If his intellect is really as shiny as you suggest, Suzuki would have simplified things and provided focus for us who are trying to be effective.

A simple 10 item list of *things to do* would help people to choose their *project*. He does have various lists, but not in priority or simplified order.

It could begin with . .

[1] Organize for a slow down of the Alberta Tar Sands. Oil man and Conservative wise man Peter Lougheed suggests this is a priority. Shouldn*t the Doc run with this?

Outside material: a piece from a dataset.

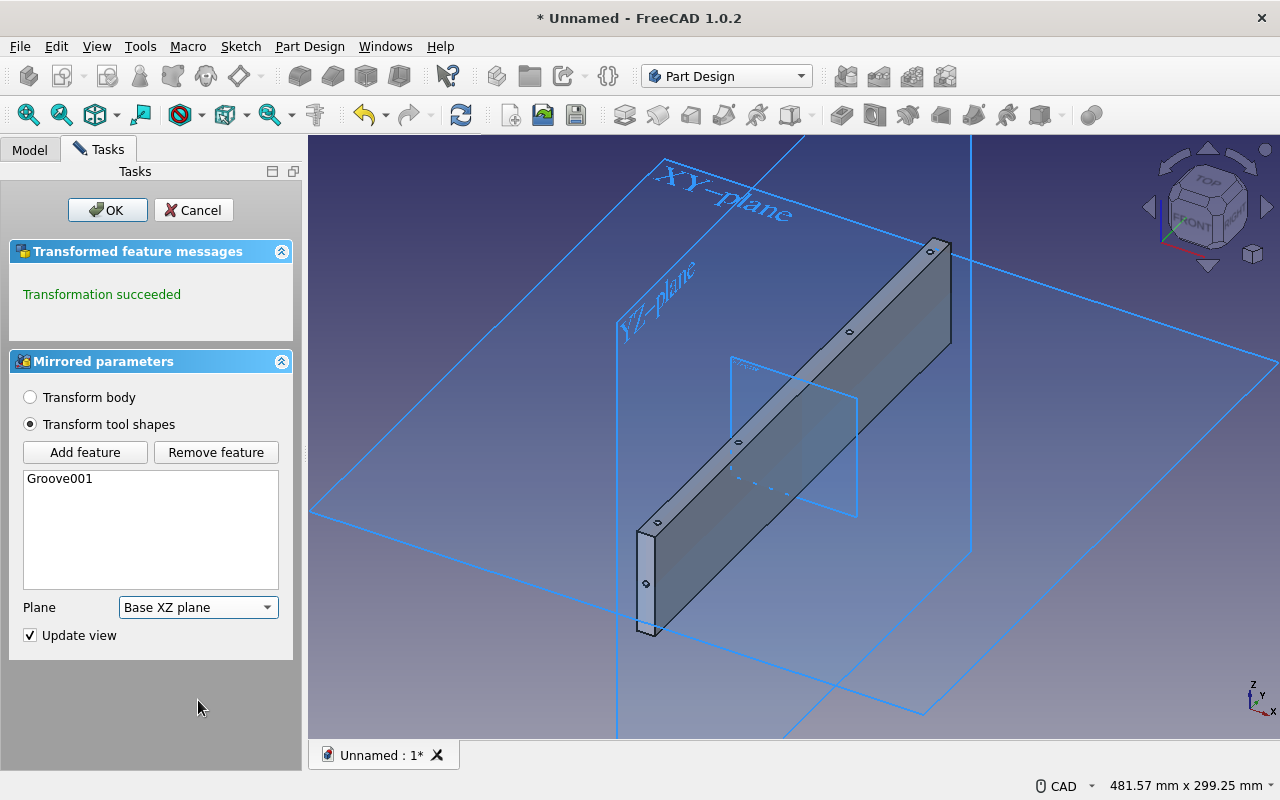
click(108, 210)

[2] ... Well you get the idea. Checked Greenpeace, Sierra and others and no priority list. They should all agree on a list and then campaign on it. = TG

Everybody has their own way. Suzuki has had an impact. I think Suzuki draws such intense fire because of the astute way he has succeeded in building his public persona over the years, which has given him a lot of respect in Canada, hence when he takes aim at something or somebody, they feel clobbered. Plus, because he has an effect, people fear him. But I wonder if Suzuki feels like he's accomplished something. All he wanted to do was save nature. I think its the same for us all, you just feel like you've been able to accomplish nothing, but something drives you to keep trying. He actually wanted to call one of his autobiographical books "Outsider". I'm glad there are guys like him around.

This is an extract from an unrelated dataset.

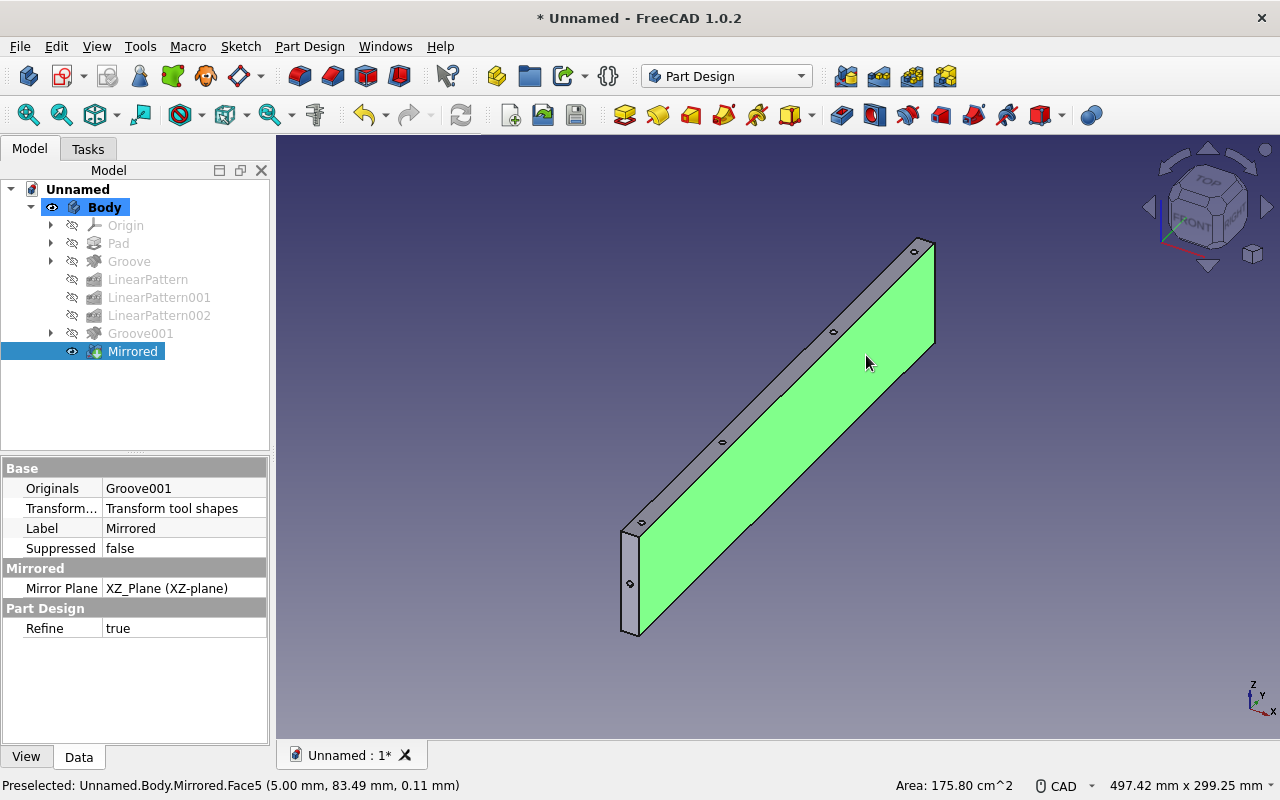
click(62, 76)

I find the problem of newborn baby / mudpuddle to be intriguing. Remember, according to [some reference] God gave souls to humans. The issue of human dignity is very important especially with respect to religion, and is frequently shown to be a motivating factor or source of cognitive dissonance when it comes to evolution. I can imagine the editor wondering if monkey was a better word than mudpuddle.

But it's obvious, to me at least, that Suzuki wasn't talking about evolution (and as we are both geneticists you might think it weird that we weren't talking about evolution). Some environmentalists have in the past been accused of distinguishing humans from nature with the attitude that humans are at war with nature, that humans destroy nature. No, no, some people have said (including other environmentalists), we are nature -- putting nature outside ourselves is part of the problem so we have to use language that shows we are a part of nature. Yes, that fits in well with the idea that whatever damage we do to nature, we do to ourselves. That the Post would try to turn such an old and civil philosophical point into a barb for poking at emotionally and religiously inclined people (trying to politicize the issue further by bundling it with ones that are already very left and right [abortion and religion]) is not surprising, but disappointing nonetheless.

On a somewhat related note, I'm wondering about this: Do the denialist shills seriously think they themselves will be immune from the effects of global warming? Are they really that deluded, or do they reckon that the moolah they get from shilling from Big Oil will greatly offset the harm that global warming will inflict upon themselves?

Frank Bi
http://zompower.tk/

Hi Frank, I think it's hard to judge motivations but I'm quite certain that there are several motivations behind the antics of various AGW-denier folks. For some it's just an occupation, for some it might be very personal (about who to trust, etc), for others it's completely ideological, and for some (who've not done the calculus well) it's practical. For most it's probably a mixture.

It's funny (not ha ha), though, that so many of them are motivated to deny the science when their objections seem better applied to discussions of policy. I think the 'AGW-denial machine' realizes that the battle for independent thinkers is lost and is now trying to tie the AGW science issue to the predispositions of the last holdouts who might otherwise 'see the light.' That is, I think we'll be seeing fewer AGW-denial items in the daily media, but a higher proportion of those items will be things alluding to evolution (appealing to creationists) and abortion (appealing to anti-abortionists). A while ago the Edmonton Sun published a column wherein Mike Jenkinson wrote that AGW-believers and evolutionists were probably all one and the same; with a triumphant thrust he ended by wondering why evolutionists don't think life will simply adapt to global warming. The obvious problem that evolutionists are well aware that extinctions occur would probably be missed by the majority of his target audience.